MATTHEWS:  Well, let me ask you, according to the dialogue we‘ve just watched as well as listened to, because we had the sub-scripts on the TV, he was told, this soldier, that the man, the wounded Iraqi, the unarmed wounded Iraqi was lying there from the day before. 

What reason would he have to believe that he was armed and dangerous? 

SPINNER:  Well, all of that is speculation, obviously.  I was not there in the mosque when that happened.  I wasn‘t with this particular group of Marines so I would simply be guessing based on my own experience in being with these Marines and soldiers on the battlefield.  It‘s been very difficult, I think, for a lot of the troops to determine who the good guys and the bad guys are.  We know that there are civilians in the city still.  There‘s gun fighting still going on in the city.  And the vetting process to determine, you know, who‘s on their side and who is not has been a difficult one.  I think until we hear from that Marine who actually pulled the trigger, we‘re really not going to know what was in his head when that incident occurred. 

MATTHEWS:  What did you make of the line by the, apparently by the trooper?  Well, he‘s dead now. 

SPINNER:  Can you ask that question again? 

MATTHEWS:  What did you make of the line from the, apparently from the trooper, he‘s dead now!

SPINNER:  Again, you know, it‘s hard to know.  Unless you were there and unless you are that Marine and you‘re looking into that mosque, you‘re walking into that mosque, and apparently, it had just been hit by an artillery round.  You know, there‘s a lot of confusion there in the battlefield.  We‘ve seen it, we‘ve heard it when we‘re out there.  And I think until, again, we hear from that Marine, it‘s going to be very difficult to pass any judgment based on just what we‘re looking at in that videotape, which is a moment in time.  It is not the complete story. 

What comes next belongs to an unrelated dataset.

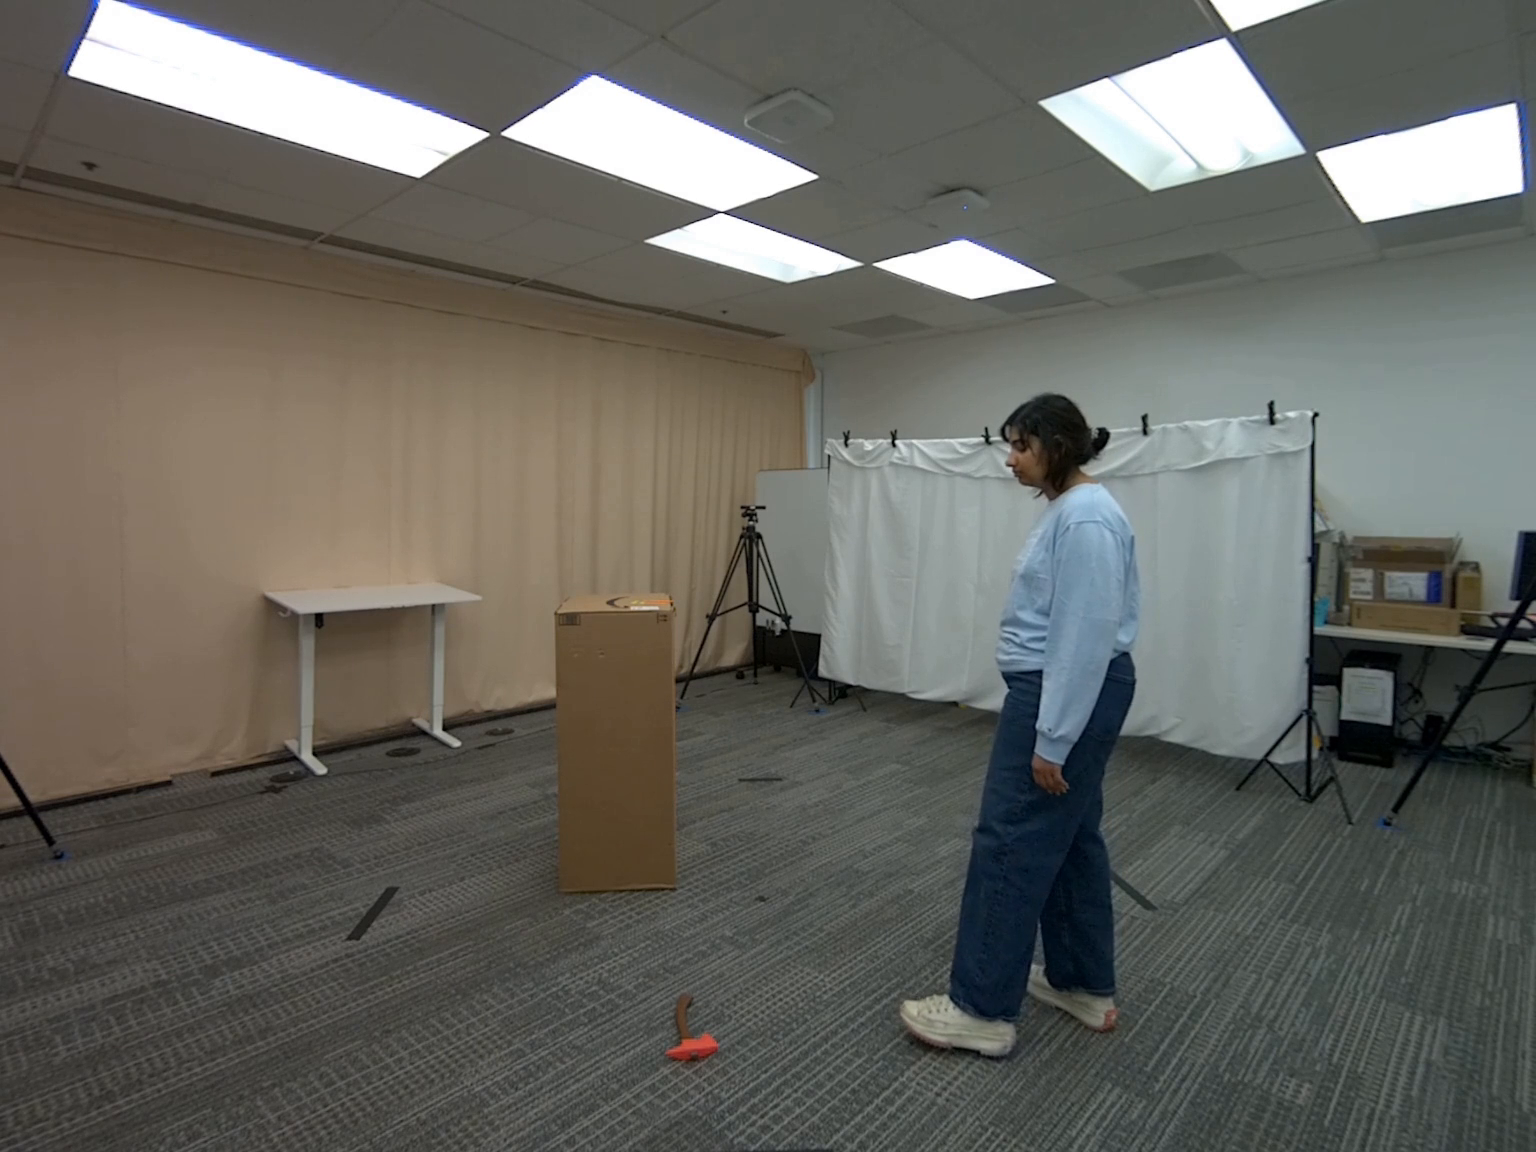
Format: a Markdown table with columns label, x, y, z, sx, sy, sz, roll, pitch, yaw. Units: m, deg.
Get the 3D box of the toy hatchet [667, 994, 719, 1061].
| label | x | y | z | sx | sy | sz | roll | pitch | yaw |
| --- | --- | --- | --- | --- | --- | --- | --- | --- | --- |
| toy hatchet | -0.187 | 1.196 | 2.235 | 0.132 | 0.029 | 0.269 | -2 | 5 | 4 |

MATTHEWS:  Obviously not.  Thank you very much for that great report. 

Jackie Spinner with “The Washington Post” in Fallujah. 

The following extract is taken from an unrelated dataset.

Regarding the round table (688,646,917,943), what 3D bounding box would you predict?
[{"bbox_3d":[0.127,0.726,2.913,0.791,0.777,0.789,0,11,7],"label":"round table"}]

Tony Perry is staying with us.  Tony, let me ask you about your experiences with the way we treat wounded.  Does the United States military Marines and army both collect the wounded and give them treatment generally? 

PERRY:  Absolutely.  That‘s required under the Geneva Convention.  And it‘s how we want our people treated if they fall into the hands of the enemy.  I‘ve seen that.  I‘ve seen wounded Iraqis, wounded insurgents who just 90 minutes earlier were trying to murder Americans from ambush.  I‘ve seen them be taken to a navy forward hospital, given million-dollar medical care surgery and medivacked out for advance surgeries.  So, no army in the world has ever probably taken care of its enemies as well medically once they‘re wounded as the U.S. Army and the U.S. Marine Corps. the whole battle force does. 

MATTHEWS:  Have you seen a variety of conscience over there? 

Some soldiers would be very careful about something like that, and others are just hot shots? 

PERRY:  I haven‘t seen a lot of hot shots.  I‘ve seen a lot of care.  And The rule of engagement are very careful.  In this case, a lot will depend, what were the rules of engagement that young Marine was functioning under?  What were the lawful orders that he had been given?  What did he know and how was he to act when he entered that building?  We‘ve yet to know. 

There are two levels.  One is the Geneva Convention rules of war, did he violate those for which he could be prosecuted?  There was a second standard and even tougher standard, that‘s going to be the Marine Corps standard, the rules of engagement.  So, he could be cleared for Geneva Convention and still face rather severe penalties, up to jail, prison really, from the Marine Corps itself. 

MATTHEWS:  But he was entering a situation where there were other

soldiers that were there, they were apparently trying to get out of line of

fire of tanks according to the script we watching there.  Their language

that was picked up on our videotape and also you see the script to it of

what they were saying.  He was going into an area that was already occupied

by U.S. troops, had been there a while. 

Why would he presume to go in and shoot somebody as if they were a danger? 

PERRY:  As Jackie said, there have been instances of Iraqis playing possum, waiting until the U.S. troop bends down and then shooting them.  There have been bodies rigged with booby traps.  There‘s a lot of factors that can go on here.  Again, will it be logical that he thought that this man was a threat?  Don‘t forget that under the rules of war, you can kill a combatant, and enemy combatant, even though he may be sleeping under a tree, and pose no danger to you at the time.  It‘s a very, very broad definition of when you can use deadly force on an enemy combatant. 

MATTHEWS:  What does it tell you, that there was a TV camera watching this whole thing?  Does that suggest to you that he would have felt he was within his rights as a soldier, a Marine, to do what he was doing because he did it in front of the TV cameras? 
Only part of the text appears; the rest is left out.